**WHAT IS NEEDED:** Keep to one stretch of the data below, the lines from the one with "camera. One object per line." up to and including the one with "kettle;-0.393;-0.253;0.914;0.250;0.272;0.182;1;79;-5", and return that stretch exactly.

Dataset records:
- - -

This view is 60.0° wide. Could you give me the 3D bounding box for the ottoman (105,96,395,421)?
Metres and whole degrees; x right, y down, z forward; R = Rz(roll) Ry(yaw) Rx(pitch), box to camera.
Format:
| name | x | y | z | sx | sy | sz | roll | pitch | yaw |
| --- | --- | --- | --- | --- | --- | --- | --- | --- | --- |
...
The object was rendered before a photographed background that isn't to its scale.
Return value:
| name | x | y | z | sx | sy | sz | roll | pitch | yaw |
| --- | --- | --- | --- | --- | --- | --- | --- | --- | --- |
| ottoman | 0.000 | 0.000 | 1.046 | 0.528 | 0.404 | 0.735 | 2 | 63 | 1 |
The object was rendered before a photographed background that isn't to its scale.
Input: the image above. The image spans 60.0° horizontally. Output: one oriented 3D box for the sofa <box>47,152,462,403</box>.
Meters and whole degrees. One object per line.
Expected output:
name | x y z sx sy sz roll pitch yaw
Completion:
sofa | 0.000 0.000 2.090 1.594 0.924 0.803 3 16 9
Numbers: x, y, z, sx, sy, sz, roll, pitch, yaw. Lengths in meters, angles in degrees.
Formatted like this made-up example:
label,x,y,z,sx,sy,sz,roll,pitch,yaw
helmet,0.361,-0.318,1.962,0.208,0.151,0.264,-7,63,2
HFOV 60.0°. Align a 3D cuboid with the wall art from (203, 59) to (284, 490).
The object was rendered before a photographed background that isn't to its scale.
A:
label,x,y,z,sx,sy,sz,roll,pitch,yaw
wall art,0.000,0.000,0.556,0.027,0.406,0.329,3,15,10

- - -

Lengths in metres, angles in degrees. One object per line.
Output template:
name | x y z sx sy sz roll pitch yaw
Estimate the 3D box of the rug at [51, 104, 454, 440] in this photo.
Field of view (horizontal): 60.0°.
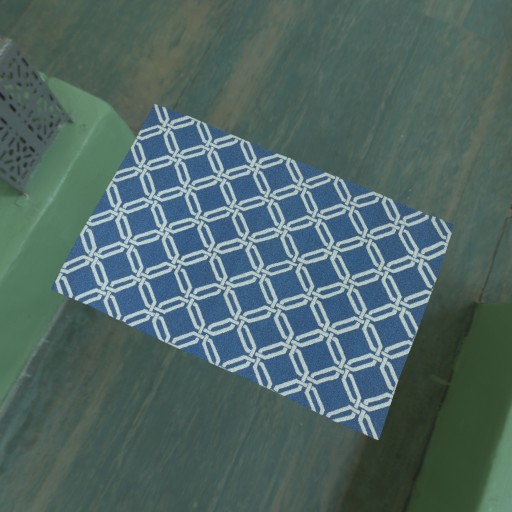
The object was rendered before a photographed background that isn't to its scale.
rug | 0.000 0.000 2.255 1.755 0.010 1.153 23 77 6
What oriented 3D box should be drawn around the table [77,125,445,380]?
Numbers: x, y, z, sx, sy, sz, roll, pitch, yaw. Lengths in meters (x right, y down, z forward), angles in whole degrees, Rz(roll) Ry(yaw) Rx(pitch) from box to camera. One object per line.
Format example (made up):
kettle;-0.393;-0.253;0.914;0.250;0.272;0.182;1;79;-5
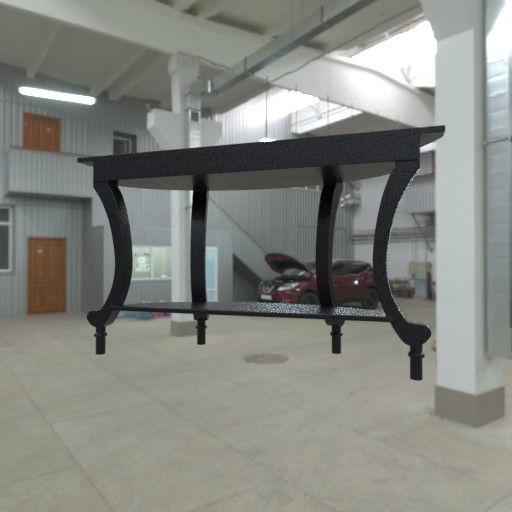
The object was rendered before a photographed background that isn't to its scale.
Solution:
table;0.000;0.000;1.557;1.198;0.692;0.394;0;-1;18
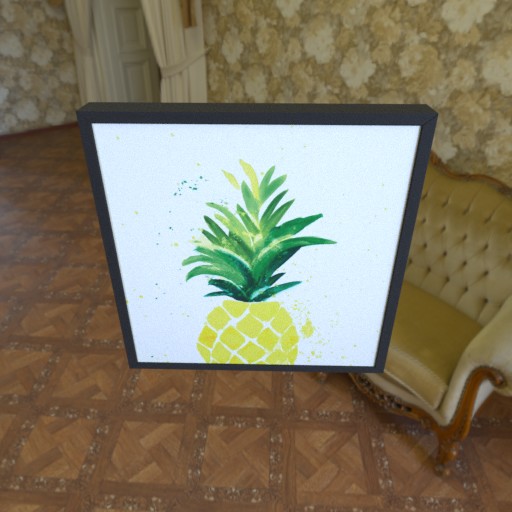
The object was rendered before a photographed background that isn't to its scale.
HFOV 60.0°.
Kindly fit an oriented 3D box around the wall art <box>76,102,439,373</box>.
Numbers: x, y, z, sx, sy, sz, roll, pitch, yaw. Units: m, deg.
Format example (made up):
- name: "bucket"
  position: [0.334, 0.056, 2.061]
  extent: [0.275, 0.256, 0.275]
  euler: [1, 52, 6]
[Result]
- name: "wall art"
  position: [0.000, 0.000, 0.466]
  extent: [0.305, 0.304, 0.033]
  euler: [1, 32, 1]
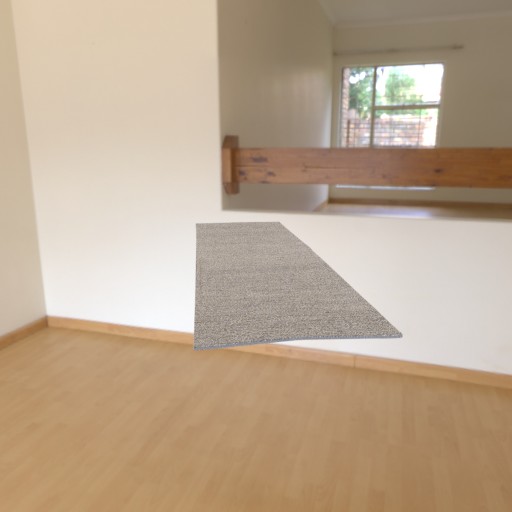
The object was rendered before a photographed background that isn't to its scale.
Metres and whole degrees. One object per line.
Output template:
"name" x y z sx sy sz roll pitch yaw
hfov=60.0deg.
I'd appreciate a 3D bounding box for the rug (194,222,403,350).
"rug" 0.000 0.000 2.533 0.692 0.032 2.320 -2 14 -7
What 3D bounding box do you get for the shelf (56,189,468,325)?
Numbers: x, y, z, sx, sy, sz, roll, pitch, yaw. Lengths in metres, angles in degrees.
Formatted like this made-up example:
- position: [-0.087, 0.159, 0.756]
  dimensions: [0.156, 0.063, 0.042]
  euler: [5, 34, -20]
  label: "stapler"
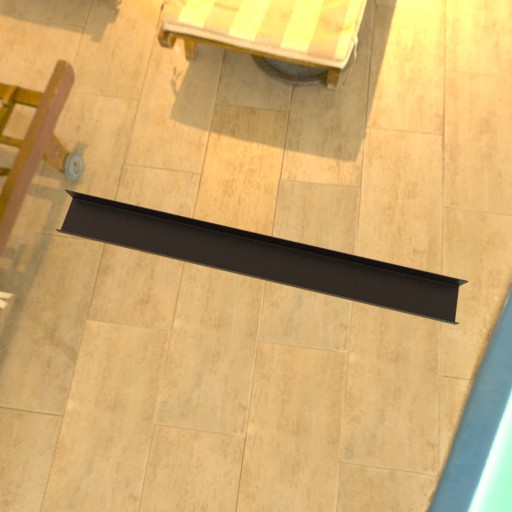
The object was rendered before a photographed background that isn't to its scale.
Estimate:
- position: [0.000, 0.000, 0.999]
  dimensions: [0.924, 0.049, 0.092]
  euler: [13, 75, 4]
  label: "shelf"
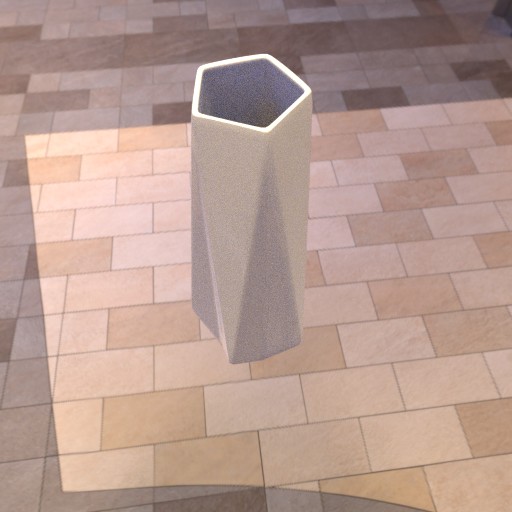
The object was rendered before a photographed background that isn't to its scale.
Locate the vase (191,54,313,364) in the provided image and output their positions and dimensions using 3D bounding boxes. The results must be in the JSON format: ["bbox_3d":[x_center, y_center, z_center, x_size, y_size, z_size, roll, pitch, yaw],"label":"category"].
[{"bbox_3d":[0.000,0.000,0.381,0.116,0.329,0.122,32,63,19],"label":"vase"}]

- - -

**WRITTEN ANSWER:**
Numbers: x, y, z, sx, sy, sz, roll, pitch, yaw. Lengths in meters (x right, y down, z forward), angles in whole degrees, Rz(roll) Ry(yaw) Rx(pitch) from box to camera. One object per line.
Format example (made up):
kettle;-0.393;-0.253;0.914;0.250;0.272;0.182;1;79;-5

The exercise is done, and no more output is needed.